Natoora doesn’t only source produce, it grows it too – the company has two farms in Italy and the UK. In truth, they are invested across all stages of the supply chain and invest in farmers who supply them, says Fubini.

“We’ve built a supply chain that empowers every person within it – whether you’re a grower, a chef or a home consumer – to be part of positive change,” says the Argentine entrepreneur.  

And what about his homeland? Natoora isn’t yet available in Argentina, but Fubini confirms he has plans to expand into Latin America in the future. 

Until then, we will just have to be the bringers of positive change, he says. What we can do as consumers – today – is to start having these conversations within our local communities, to create awareness in order to increase demand for nutritional biodiversity. 

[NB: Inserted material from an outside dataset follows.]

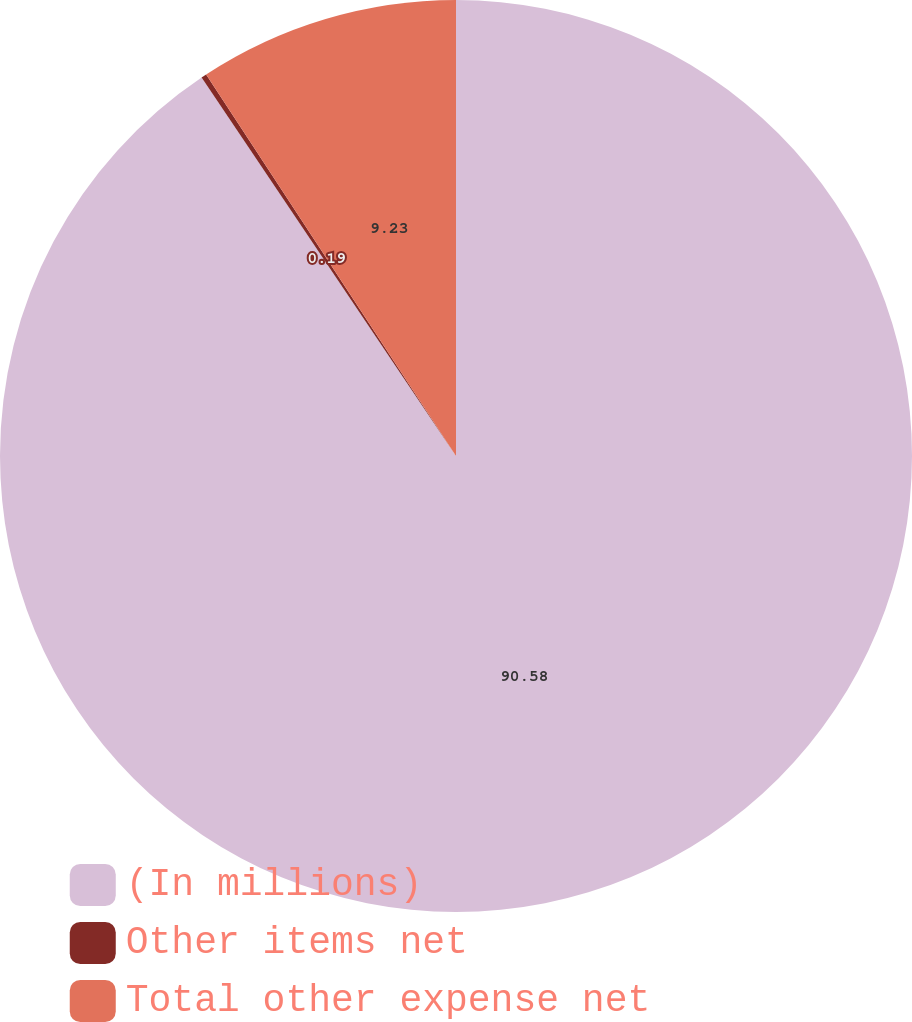Convert chart to OTSL. <chart><loc_0><loc_0><loc_500><loc_500><pie_chart><fcel>(In millions)<fcel>Other items net<fcel>Total other expense net<nl><fcel>90.58%<fcel>0.19%<fcel>9.23%<nl></chart>

“The key is to develop the infrastructure to make positive change happen at scale – this means understanding where a compromise is right and where it deviates from our purpose,” says Fubini.

Natoora’s 2019 report underlines that same theme. “What and where you buy matters,” it reads. “Through your purchasing choices, you have the power to influence fundamental changes in the way food is farmed and supplied.”